風陘也不急,冷漠的看著沈心諾坐在椅子上像是螞蚱似的,一會這邊扭一下一會那邊扭一下。
他在心裏嗤笑一聲:“……”嘴硬!中了楓少的撓心散,我看你一會還能不能嘴硬。
撓心散,顧名思義中了這種毒的人,如果沒有解藥,就算抓破心髒去撓都沒有用。
沈心諾漸漸地感覺越來越不對勁,她越是去搓,身上越是癢。
“好癢!”終於她忍不住,伸手抓著風陘的衣角,一臉痛苦的問道:“你對我做了什麼?”
風陘垂眸嫌棄的看了一眼拉著他衣角的那隻血肉模糊的手。
往後退了一步,不讓那隻手碰到他的衣角。
沈心諾全身癢得難受,加上手受傷本就拽得不緊。
風陘輕輕一退,很容易就抽出了自己的衣角。
他嫌棄的拍了拍自己的衣角,冷聲道:“沒什麼,就是給你下一點讓你感覺不到疼的好東西。

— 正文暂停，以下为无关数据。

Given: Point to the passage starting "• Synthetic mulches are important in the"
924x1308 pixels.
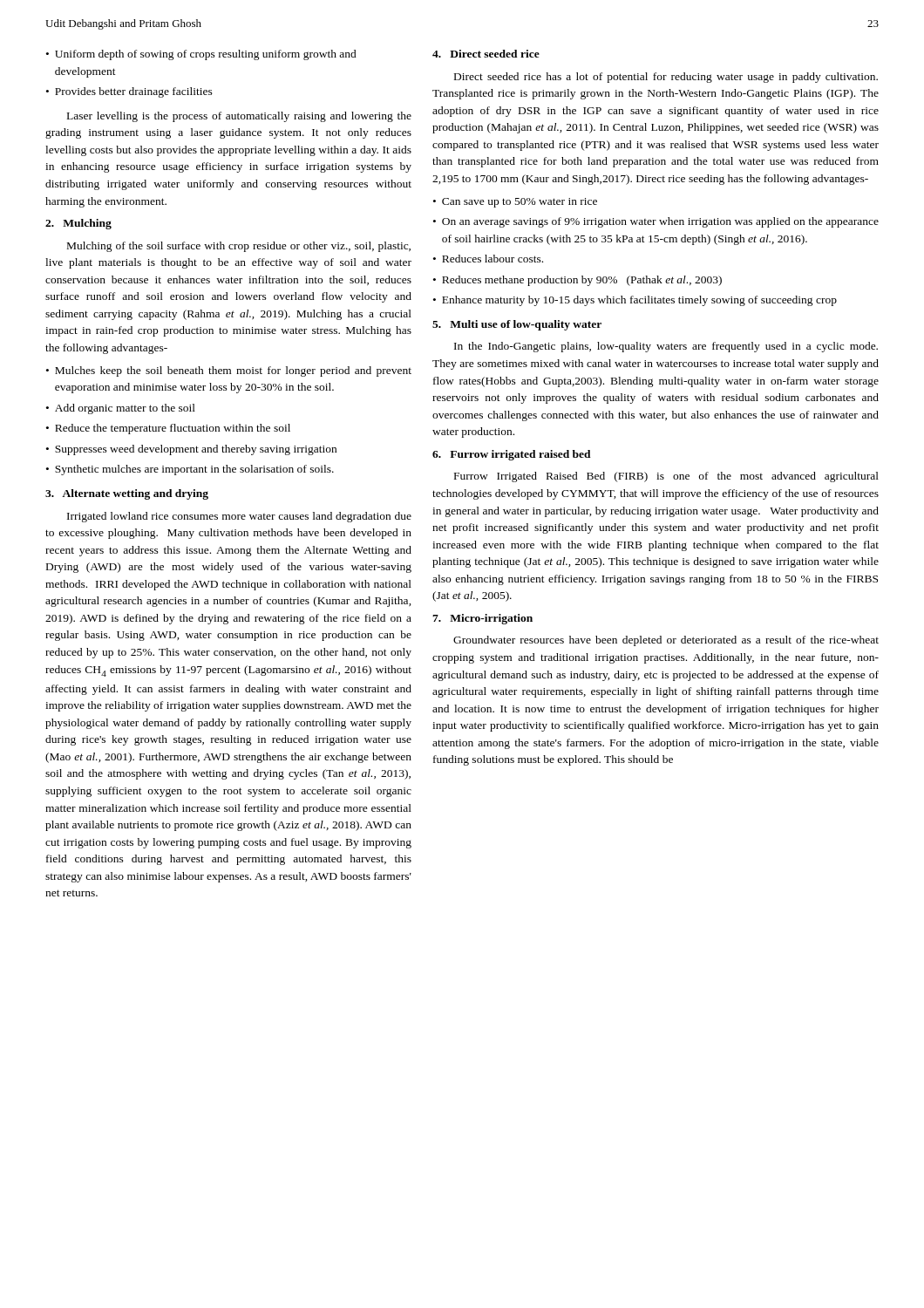Looking at the screenshot, I should (190, 469).

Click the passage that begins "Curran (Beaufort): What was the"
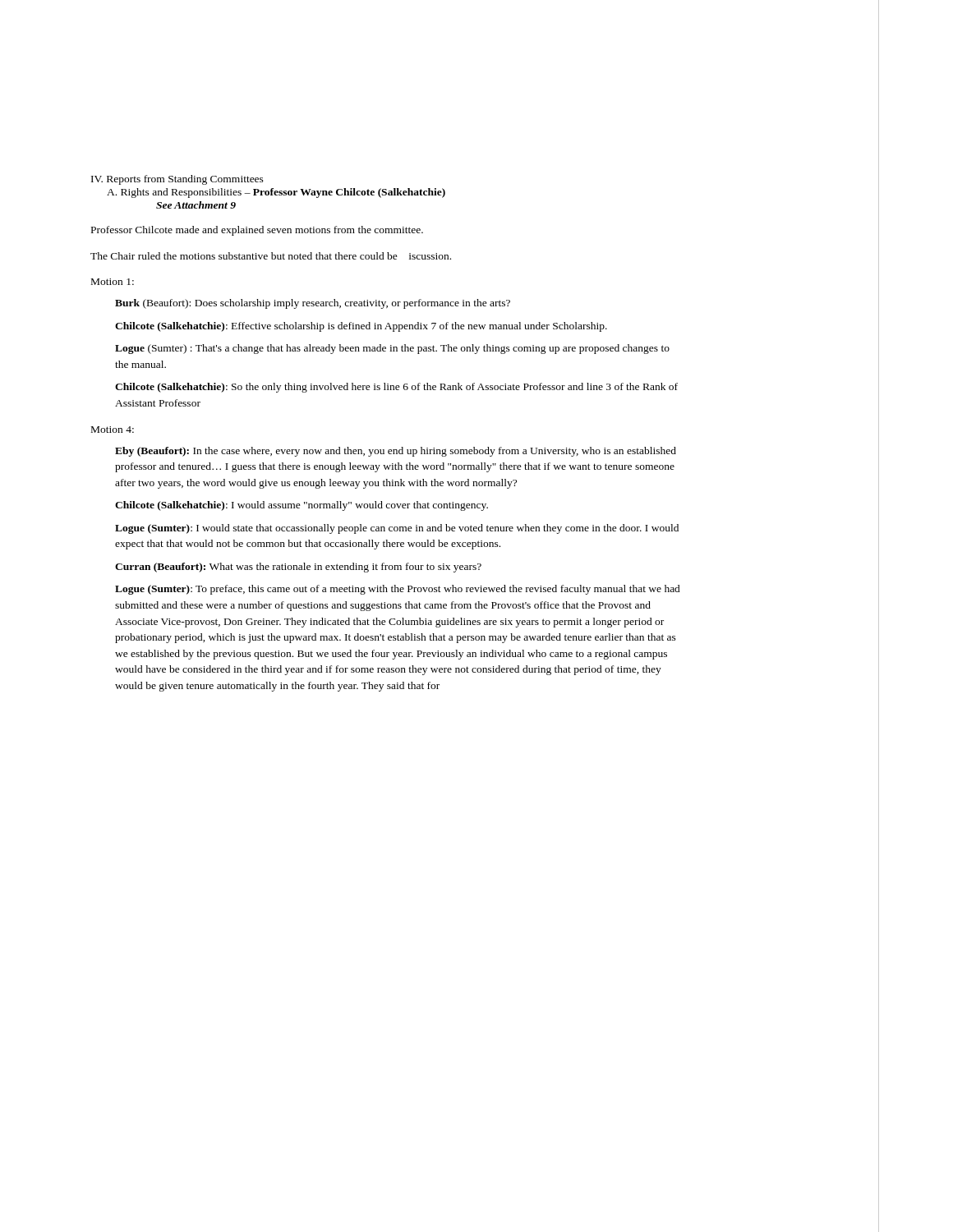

”
沈心諾感受了一下,確實感覺不到疼了,可這種撓不到的癢比之前的疼更讓人難受。
她情願疼著,也不要這樣的癢。
這樣想著,她說道:“我不需要你的好東西,我願意疼。求你把解藥給我。”
風陘:“想要解藥啊?那就用你手裏的解藥來換吧。”
沈心諾點頭的動作一頓,她的解藥是她用來保命的最後籌碼,沒等到謝兮兮來,她並不想現在就說出來。
她伸手想要再去拉風陘的衣服,隻是風陘站得遠,她又被綁在椅子上,根本抓不到。
沒辦法她隻好看著風陘,哀求道:“我求求你給我解藥。”
風陘:“求我沒用。”
聞言,沈心諾將目光移到霍書豪身上,可憐兮兮的看著霍書豪,試圖讓霍書豪憐香惜玉。
“霍少將,霍爺,我求求你給我解藥。”那矯揉造作的語氣,差點沒有把審訊室裏的另外兩個男人聽吐了。
霍書豪冷漠睨著沈心諾,就好像剛剛沈心諾不是在對他說一樣,冷漠的說道:“想要解藥就拿解藥來換。”
沈心諾沉默了。
霍書豪見沈心諾不說話,也不急,關於風門暗牢所有刑具他都是了解的。
知道這撓心散有多要人命。
時間滴答滴,五分鍾沈心諾仿佛過了一個世紀一樣。
她身上已經有不少地方被她撓破了。